Now it is. The Groebner basis depends (sometimes drastically) on the monomial order, so it is important to know what is the substitution a[?]=x, ...; or maybe you changed the polynomials?

@ruhamdam In my answer, the second call to Basis was with the variables a[3],a[4],... substituted with x3, x4,... (without indices).

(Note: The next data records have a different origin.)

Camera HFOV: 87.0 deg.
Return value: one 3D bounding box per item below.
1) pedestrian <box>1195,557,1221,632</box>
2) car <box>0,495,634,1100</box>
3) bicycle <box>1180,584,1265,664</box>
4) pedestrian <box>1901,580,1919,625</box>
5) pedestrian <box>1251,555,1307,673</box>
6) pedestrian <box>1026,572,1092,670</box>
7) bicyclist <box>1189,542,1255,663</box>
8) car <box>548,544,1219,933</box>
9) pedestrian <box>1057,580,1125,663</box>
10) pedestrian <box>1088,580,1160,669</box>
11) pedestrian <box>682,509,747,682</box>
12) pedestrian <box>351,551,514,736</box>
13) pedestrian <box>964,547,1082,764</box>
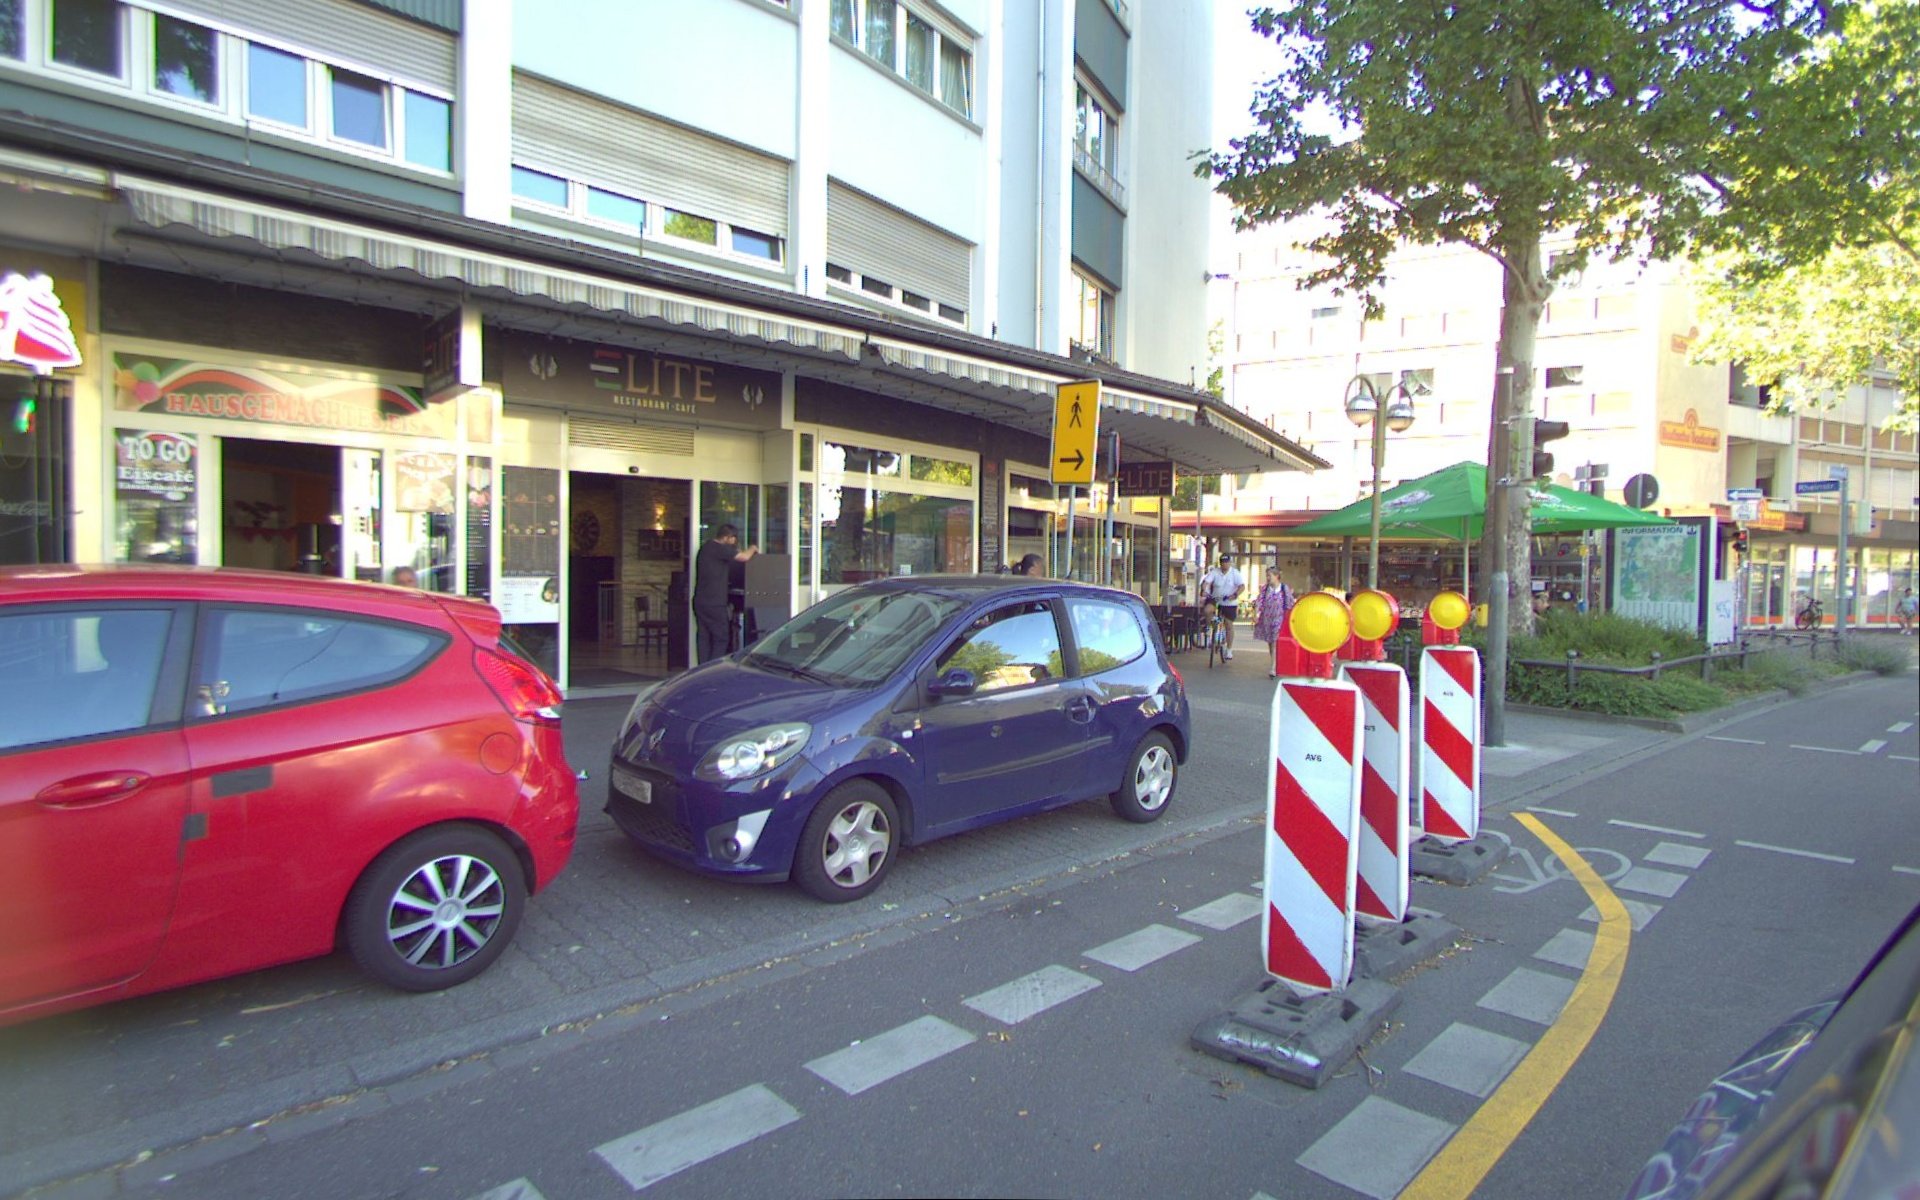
[{"bbox_3d":[6.747,-0.167,27.476,0.639,1.983,0.886,1,1,15],"label":"pedestrian"},{"bbox_3d":[-3.240,0.471,3.253,3.761,1.614,1.784,-1,5,-45],"label":"car"},{"bbox_3d":[4.217,0.363,16.173,0.746,1.143,1.865,4,2,32],"label":"bicycle"},{"bbox_3d":[30.957,0.083,32.676,0.520,1.455,0.630,0,1,-21],"label":"pedestrian"},{"bbox_3d":[4.611,0.186,14.613,0.624,1.657,0.525,2,1,34],"label":"pedestrian"},{"bbox_3d":[1.384,0.276,14.236,0.685,1.323,0.793,1,1,-13],"label":"pedestrian"},{"bbox_3d":[4.167,0.019,16.075,0.747,1.848,0.916,2,3,31],"label":"bicyclist"},{"bbox_3d":[-0.268,0.507,5.906,3.551,1.485,1.769,-1,5,-44],"label":"car"},{"bbox_3d":[1.986,0.303,15.349,0.776,1.207,0.648,0,2,-34],"label":"pedestrian"},{"bbox_3d":[2.344,0.332,14.522,0.685,1.207,0.881,0,1,-18],"label":"pedestrian"},{"bbox_3d":[-2.624,-0.062,10.811,0.547,1.800,0.395,-1,4,-43],"label":"pedestrian"},{"bbox_3d":[-4.245,0.299,8.124,0.937,1.352,1.069,0,2,-41],"label":"pedestrian"},{"bbox_3d":[0.515,0.408,8.250,0.783,1.667,0.583,-1,2,-42],"label":"pedestrian"}]

Your new worksheet also works for me in 1D; I did not try to find a formatting mistake in it, I have just converted it in 1D.
Please try the following:
Open a new worksheet with File > New > Worksheet Mode
and copy & paste the following:

with(Groebner);
with(PolynomialIdeals);
a := -9*w*v*t - 5/2*x*y*z*t + 6*w^3 + 5/2*x*z^2*w + 3*t^2*u + 3*y^3*t - 9*y*t - 4*y^2*z*w + 3/2*y*v*z^2 + 9*z*w - 1/2*z^3*u;
b := 2*x^4*z - 2*x^3*y^2 - 12*u^2*x*z + 36*u^2*y^2 - 48*u*v*x*y + 24*v^2*x^2 + 9*x^3 - 54*u^2;
c := 11*z^2*u*w + 20/3*x*z^2*y^2 - 12*t*y^2*v - 35*z*w^2*x + 24*y^2*z - 13/3*y^4*z - 90*w^2 - 11*u*y*z*t + 5*y*z*v*w + 10*x*v*t*z + 10*x*w*t*y - 7/3*x^3*x^2 + 22*w^2*y^2 + 3/2*t^2*x^2 - 15*x*z^2 - 3/2*v^2*z^2 + 36*t*v - 27*z;
d := 10*z*x*u*w + 10*y*u*v*z - 90*v^2 - 12*u*y^2*w + 20/3*z*x^2*y^2 + 11*x^2*v*t - 35*x*v^2*z + 22*v^2*y^2 + 3/2*u^2*z^2 - 7/3*x^3*z^2 - 3/2*x^2*w^2 + 36*u*w + 24*y^2*x - 13/3*y^4*x - 15*z*x^2 + 5*v*x*y*w - 11*x*y*u*t - 27*x;
e := 24*x*y*v*t - 87/2*x*v*z*w + 24*u*y*z*w + 33/2*x*u*z*t + 54*y^3 - 9*y^5 + 9/2*w*x^2*t + 51*y^2*v*w + 9/2*v*z^2*u - 7*x^2*z^2*y + 16*y^3*z*x - 45*u*y^2*t - 18*x*y*w^2 - 45*z*x*y - 18*y*v^2*z - 81*y + 81*u*t - 135*w*v;
f := 270*u^2*y*t - 3*x^2*y^2*w - 33/2*x^3*y*t + 57/2*x^3*z*w + 261*x*v^2*w - 72*u^2*z*w + 621*v*x*y + 54*x*u*w^2 + 405*z*x*u + 87/2*x^2*z^2*u - 219*y^3*v*x - 1134*u*y^2 + 270*u*y^4 + 108*x^2*w + 108*y*v^3 + 363/2*y*x^2*v*z - 171*x*u*v*t - 450*u*y*v*w - 285*u*y^2*z*x + 972*u;
g := 138*u*v*y*t - 129*x*y^2*v*z - 147*u*v*z*w + 187/2*x^2*y*z*w - 360*y^2*v + 62*v*y^4 + 27*x^2*t + 18*v^3*z - 48*x*u*w*t - 129/2*x*u*z^2*y - 243*u*y*z + 85*y^3*z*u - 21*x^2*y^2*t + 288*w*x*y + 288*z*x*v + 91/2*v*z^2*x^2 - 76*y^3*w*x - 24*x*v^2*t + 192*x*v*w^2 - 132*u*y*w^2 + 33*u^2*z*t + 9/2*x^3*z*t - 30*v^2*y*w + 486*v;
J := PolynomialIdeal(a, b, c, d, e, f, g);

then run it, pressing Enter. It should work.